Save We shared this salad at a family picnic and everyone loved how the sweet raisins contrasted with the tangy dressing. The children kept picking out the crunchy pine nuts!
Serving Suggestions
Try this salad over a bed of arugula or baby spinach for extra greens. It pairs wonderfully with grilled chicken or tofu.
Make It Your Own
Add crumbled feta or shaved Parmesan for more richness, or swap in sunflower seeds for nut-free crunch.
Wine Pairing
This salad is excellent with a crisp Sauvignon Blanc or a light, citrusy white wine.
Save For your next gathering, serve this warm salad and watch it disappear.
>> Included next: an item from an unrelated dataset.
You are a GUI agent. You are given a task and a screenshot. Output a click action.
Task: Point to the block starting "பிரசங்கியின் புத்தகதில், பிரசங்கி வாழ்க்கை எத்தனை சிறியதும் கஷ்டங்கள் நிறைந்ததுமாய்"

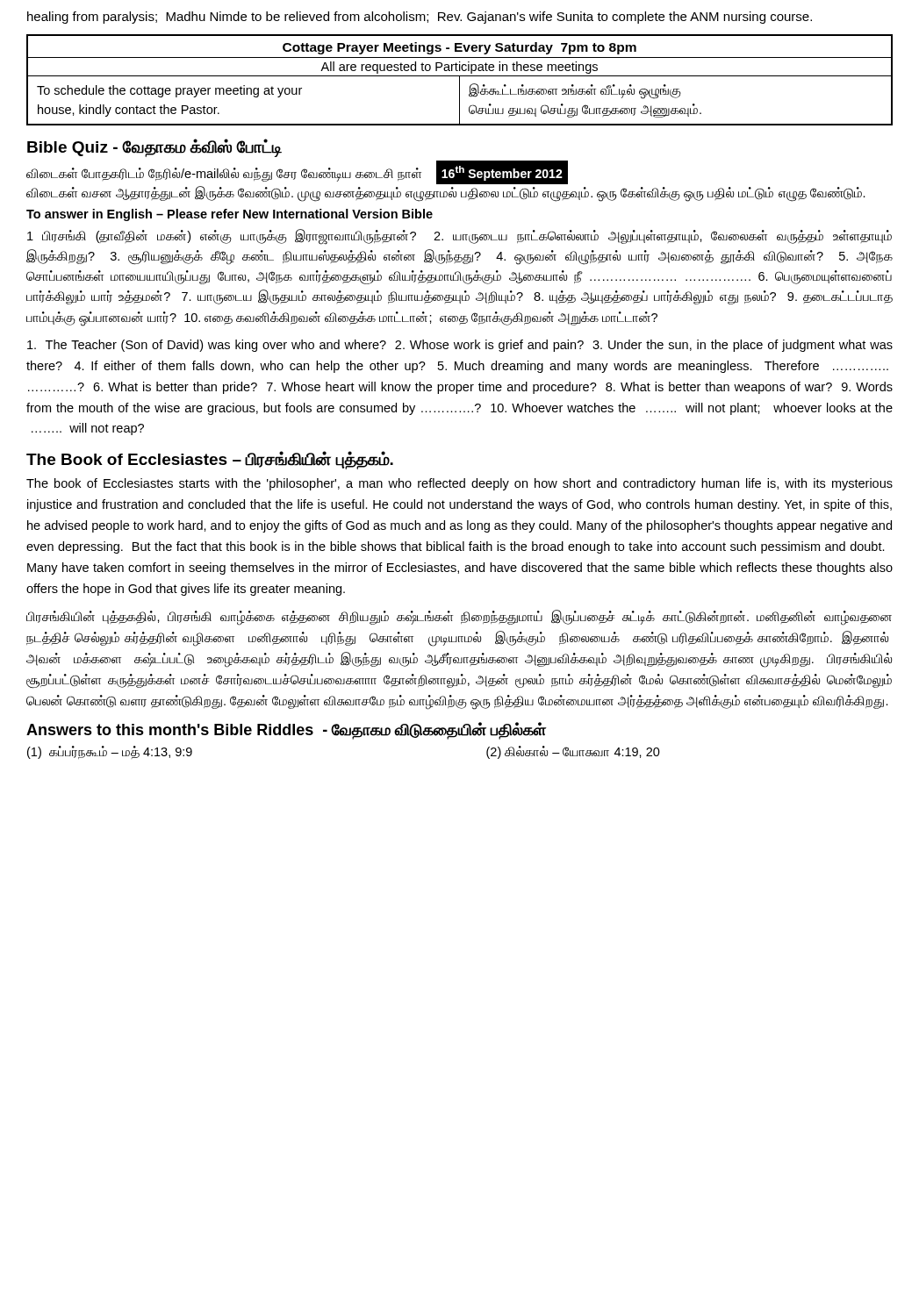click(x=460, y=659)

It's always a hit—simple, hearty, and packed with Mediterranean flavor.
Recipe FAQs
- → How do I achieve perfectly roasted cauliflower?
Ensure the cauliflower florets are evenly coated with olive oil, salt, and pepper. Roast at 425°F (220°C) on a parchment-lined baking sheet, turning once halfway to ensure even caramelization and crisp-tender texture.
- → Can I substitute pine nuts with another ingredient?
Toasted walnuts or almonds can be used as alternatives, offering a similar nutty crunch while maintaining the dressing's texture and flavor profile.
- → What is the best way to prepare the lemon dressing?
Whisk olive oil, fresh lemon zest and juice, Dijon mustard, minced garlic, honey or maple syrup, salt, and pepper together before folding in toasted pine nuts for a balanced, nutty citrus dressing.
- → Is this dish suitable for a gluten-free diet?
Yes, all ingredients including cauliflower, olive oil, herbs, and nuts are naturally gluten-free, making this dish safe for gluten-sensitive individuals.
- → How can this salad be served for a heartier meal?
Serving over a bed of arugula or baby spinach adds freshness and volume, while adding crumbled feta or shaved Parmesan can enhance richness and protein content.